Slide 11 – The Linnaean System
• The Linnaean system uses two Latin name categories, genus and species, to designate each type of organism.
• A genus is a higher level category that includes one or more species under it.
• Such a dual level designation is referred to as a binomial nomenclature or binomen (literally "two names" in Latin).
• For example, Linnaeus described humans in his system with the binomen Homo sapiens, or "man who is wise"--Homo is our genus and sapiens is our species.
• Linnaeus also created higher, more inclusive classification categories. He placed all monkeys and apes along with humans into the order Primates.
o His use of the word Primates (from the Latin primus meaning "first") reflects the human centered world view of Western science during the 18th century.
o It implied that humans were "created" first. However, it also indicated that people are animals.
Slide 12 – Branching Evolution
• While the form of the Linnaean classification system remains substantially the same, the reasoning behind it has undergone considerable change. For Linnaeus and his contemporaries, taxonomy served to demonstrate the unchanging order inherent in Biblical creation and was an end in itself. From this perspective, spending a life dedicated to precisely describing and naming organisms was a religious act because it was revealing the great complexity of life created by God.
• This static view of nature was overturned in science by the middle of the 19th century by a small number of radical naturalists, most notably Charles Darwin. He provided conclusive evidence that evolution of life forms has occurred.

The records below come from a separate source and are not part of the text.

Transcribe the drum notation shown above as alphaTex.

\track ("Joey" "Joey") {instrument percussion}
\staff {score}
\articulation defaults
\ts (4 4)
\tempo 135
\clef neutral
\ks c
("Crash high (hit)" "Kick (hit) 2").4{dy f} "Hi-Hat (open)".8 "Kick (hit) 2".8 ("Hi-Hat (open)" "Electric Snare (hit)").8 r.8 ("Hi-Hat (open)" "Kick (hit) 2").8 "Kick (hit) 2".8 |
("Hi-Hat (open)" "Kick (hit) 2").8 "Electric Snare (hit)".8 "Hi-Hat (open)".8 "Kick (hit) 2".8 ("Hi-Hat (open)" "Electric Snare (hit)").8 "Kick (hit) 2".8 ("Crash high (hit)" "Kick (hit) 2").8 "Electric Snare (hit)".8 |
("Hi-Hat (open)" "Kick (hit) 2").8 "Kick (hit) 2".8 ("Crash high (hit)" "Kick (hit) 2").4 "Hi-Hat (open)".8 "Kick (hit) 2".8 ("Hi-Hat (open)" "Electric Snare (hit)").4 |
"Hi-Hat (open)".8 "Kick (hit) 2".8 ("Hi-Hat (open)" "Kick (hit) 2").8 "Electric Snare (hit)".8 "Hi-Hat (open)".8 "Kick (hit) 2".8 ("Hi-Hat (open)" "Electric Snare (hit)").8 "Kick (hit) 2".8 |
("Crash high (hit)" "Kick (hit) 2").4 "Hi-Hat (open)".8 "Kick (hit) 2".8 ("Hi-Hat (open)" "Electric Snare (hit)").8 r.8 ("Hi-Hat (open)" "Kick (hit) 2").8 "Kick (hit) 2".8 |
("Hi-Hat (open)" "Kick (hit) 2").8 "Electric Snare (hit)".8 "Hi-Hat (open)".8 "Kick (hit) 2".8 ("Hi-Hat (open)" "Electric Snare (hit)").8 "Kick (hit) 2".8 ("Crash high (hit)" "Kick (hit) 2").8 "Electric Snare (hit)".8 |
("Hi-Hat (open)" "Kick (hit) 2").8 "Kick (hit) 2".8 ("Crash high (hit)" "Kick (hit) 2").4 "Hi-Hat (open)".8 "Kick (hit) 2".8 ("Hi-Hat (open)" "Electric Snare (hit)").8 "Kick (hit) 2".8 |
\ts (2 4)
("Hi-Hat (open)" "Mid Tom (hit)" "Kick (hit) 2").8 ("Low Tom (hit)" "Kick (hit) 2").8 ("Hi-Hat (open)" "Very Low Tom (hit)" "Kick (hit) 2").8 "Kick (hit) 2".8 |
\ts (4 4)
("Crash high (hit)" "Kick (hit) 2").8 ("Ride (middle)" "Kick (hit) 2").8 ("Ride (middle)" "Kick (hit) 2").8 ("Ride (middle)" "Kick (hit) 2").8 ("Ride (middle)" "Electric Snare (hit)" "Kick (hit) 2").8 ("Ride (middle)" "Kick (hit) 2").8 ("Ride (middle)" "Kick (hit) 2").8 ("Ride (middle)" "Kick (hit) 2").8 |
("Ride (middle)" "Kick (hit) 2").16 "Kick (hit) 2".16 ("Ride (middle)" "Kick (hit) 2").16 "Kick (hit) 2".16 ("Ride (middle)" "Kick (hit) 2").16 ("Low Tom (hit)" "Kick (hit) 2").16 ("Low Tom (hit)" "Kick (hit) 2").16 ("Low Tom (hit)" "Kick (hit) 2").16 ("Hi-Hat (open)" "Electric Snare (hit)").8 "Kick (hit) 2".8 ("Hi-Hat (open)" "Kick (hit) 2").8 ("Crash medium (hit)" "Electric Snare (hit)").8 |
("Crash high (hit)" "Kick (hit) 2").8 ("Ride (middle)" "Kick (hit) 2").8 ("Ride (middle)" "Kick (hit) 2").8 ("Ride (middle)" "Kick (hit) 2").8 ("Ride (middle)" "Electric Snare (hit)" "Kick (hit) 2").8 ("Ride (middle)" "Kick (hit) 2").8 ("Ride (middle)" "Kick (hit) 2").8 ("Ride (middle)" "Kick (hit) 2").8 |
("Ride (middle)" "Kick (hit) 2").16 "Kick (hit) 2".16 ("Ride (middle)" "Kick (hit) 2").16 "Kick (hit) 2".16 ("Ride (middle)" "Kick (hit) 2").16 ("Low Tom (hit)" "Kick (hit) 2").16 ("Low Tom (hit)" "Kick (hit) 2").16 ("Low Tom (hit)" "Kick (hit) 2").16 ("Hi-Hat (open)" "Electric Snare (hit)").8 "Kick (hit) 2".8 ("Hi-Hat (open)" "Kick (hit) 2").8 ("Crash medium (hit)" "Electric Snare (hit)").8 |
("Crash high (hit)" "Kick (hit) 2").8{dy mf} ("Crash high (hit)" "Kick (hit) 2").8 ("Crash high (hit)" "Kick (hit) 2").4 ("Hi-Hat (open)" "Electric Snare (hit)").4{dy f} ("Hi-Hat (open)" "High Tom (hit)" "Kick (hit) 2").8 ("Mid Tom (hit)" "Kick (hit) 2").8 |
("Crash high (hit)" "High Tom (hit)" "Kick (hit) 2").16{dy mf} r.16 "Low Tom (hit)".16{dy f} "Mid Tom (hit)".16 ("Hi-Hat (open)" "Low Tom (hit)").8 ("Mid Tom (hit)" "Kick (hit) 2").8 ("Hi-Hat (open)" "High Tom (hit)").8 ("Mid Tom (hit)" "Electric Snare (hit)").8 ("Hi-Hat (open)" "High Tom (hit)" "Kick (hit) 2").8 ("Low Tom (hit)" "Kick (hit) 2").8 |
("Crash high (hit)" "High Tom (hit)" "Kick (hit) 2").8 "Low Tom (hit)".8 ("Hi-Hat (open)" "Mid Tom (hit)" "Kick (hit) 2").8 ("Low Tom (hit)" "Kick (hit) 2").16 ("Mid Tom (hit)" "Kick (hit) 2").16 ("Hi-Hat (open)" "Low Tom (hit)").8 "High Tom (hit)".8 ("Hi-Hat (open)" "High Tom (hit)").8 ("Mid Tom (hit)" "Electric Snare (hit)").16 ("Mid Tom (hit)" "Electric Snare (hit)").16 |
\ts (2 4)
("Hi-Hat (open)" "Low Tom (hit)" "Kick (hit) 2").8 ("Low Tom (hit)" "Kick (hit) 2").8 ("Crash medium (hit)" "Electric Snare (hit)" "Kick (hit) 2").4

In addition, he proposed natural selection as the mechanism responsible for these changes.
Late in his life, Linnaeus also began to have some doubts about species being unchanging. Crossbreeding resulting in new varieties of plants suggested to him that life forms could change somewhat. However, he stopped short of accepting the evolution of one species into another.
• Since Darwin's time, biological classification has come to be understood as reflecting evolutionary distances and relationships between organisms. The creatures of our time have had common ancestors in the past. In a very real sense, they are members of the same family tree.
• The great diversity of life is largely a result of branching evolution or adaptive radiation. This is the diversification of a species into different lines as they adapt to new ecological niches and ultimately evolves into distinct species. Natural selection is the principal mechanism driving adaptive radiation.
With the advent of DNA technology, the Linnaean system is rapidly changing. Given the relationships that we can see at the genetic level, many species we thought were unrelated are actually closely related.